Low-level API equivalents are available on `PoseEstimation`: `create_session`,
`list_sessions`, `delete_session`, `reset_session`, `register_many`, and `track_many`.
`track_many` requires a server that reports `track_many_supported=True` in capabilities.

<!--
## Benchmark

Measured on local servers.
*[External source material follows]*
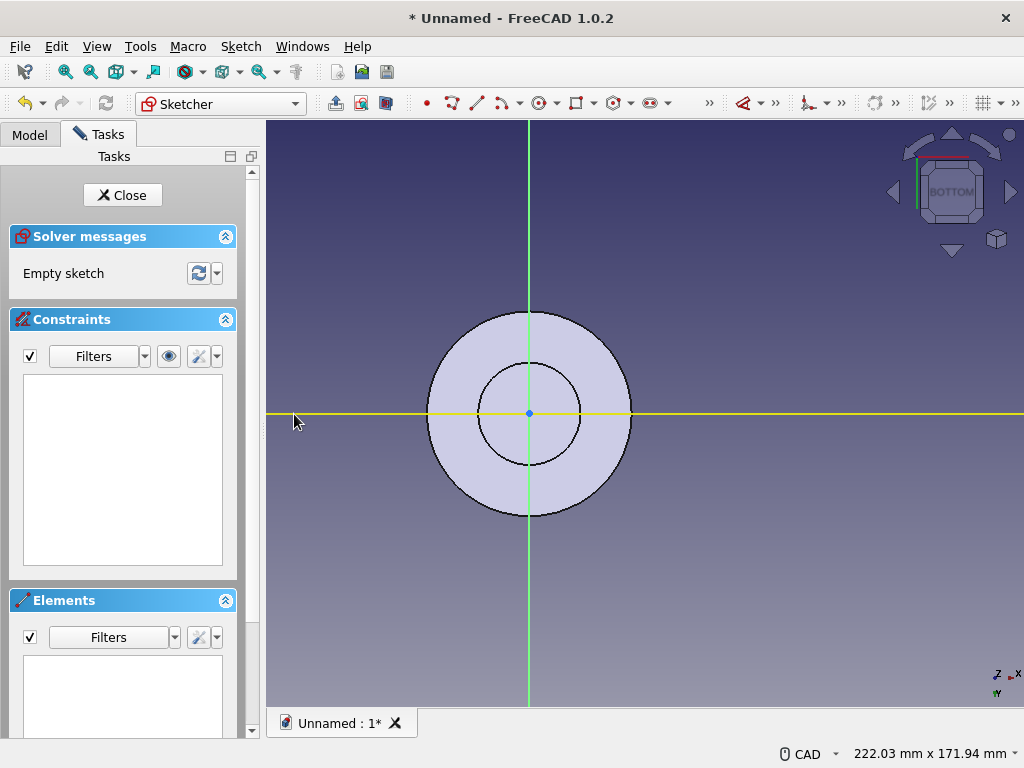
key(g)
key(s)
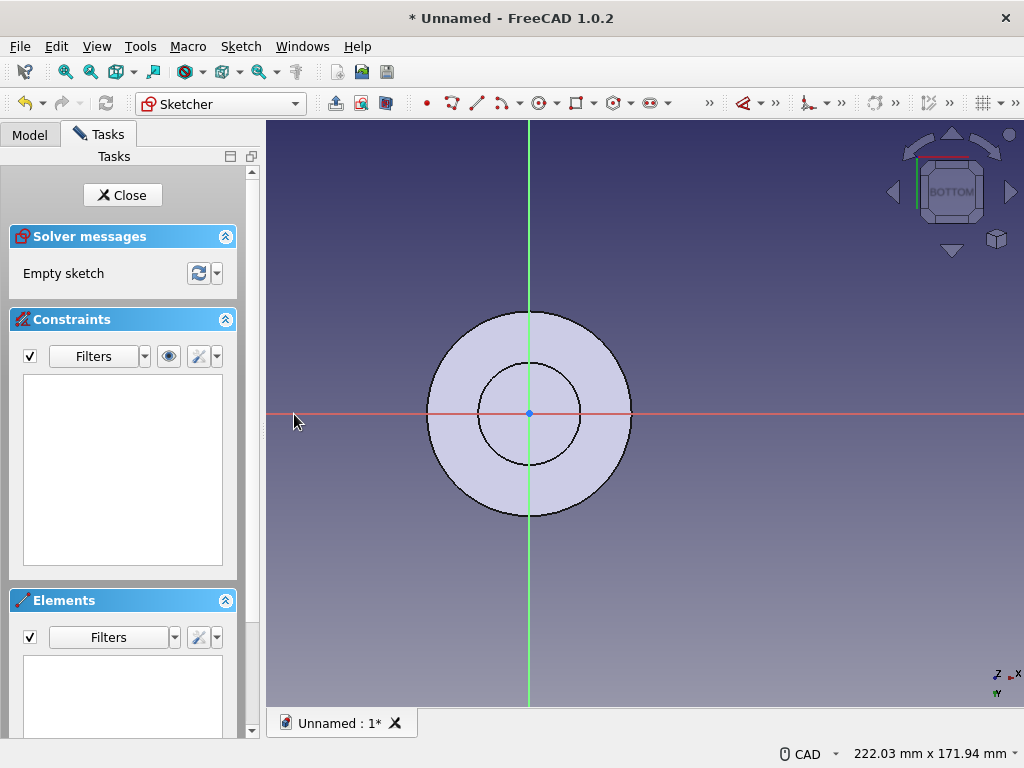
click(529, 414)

Empty cells are not yet measured.

**RTX 5060**
| Task | Prompt | None (s) | JPEG (s) | PNG (s) | h264 (s) |
| --- | --- | --- | --- | --- | --- |
| Grounding DINO | text (human . cup .) | 0.86 | 0.35 | 0.50 | 0.52 |
| DINOv2 | image prompt | 0.85 | 0.49 | 0.65 | 0.63 |
| SAM2 | - |  |  |  |  |
| FoundationPose registration | - |  |  |  |  |
| FoundationPose track | - |  |  |  |  |

**RTX 5090**
| Task | Prompt | None (s) | JPEG (s) | PNG (s) | h264 (s) |
| --- | --- | --- | --- | --- | --- |
| Grounding DINO | text (human . cup .) |  |  |  |  |
| DINOv2 | image prompt |  |  |  |  |
| SAM2 | - |  |  |  |  |
| FoundationPose registration | - | 0.4 | - |  |  |
| FoundationPose track | - | 0.03 |  |  |  |
-->

## Release notes

- 0.1.2: Improved success detection for Segmentation responses (`result`/`success`/`status`), fixed image prompt registration/usage, added `check_vram` to PoseEstimation `register`.
- 0.1.1: Improved resource cleanup in PoseEstimation/Segmentation, use server defaults when iteration is omitted, added pose demo example.
- 0.1.0: Initial public release. Includes FoundationPose RPC client, real-time segmentation client, SSH-based mesh upload CLI/API.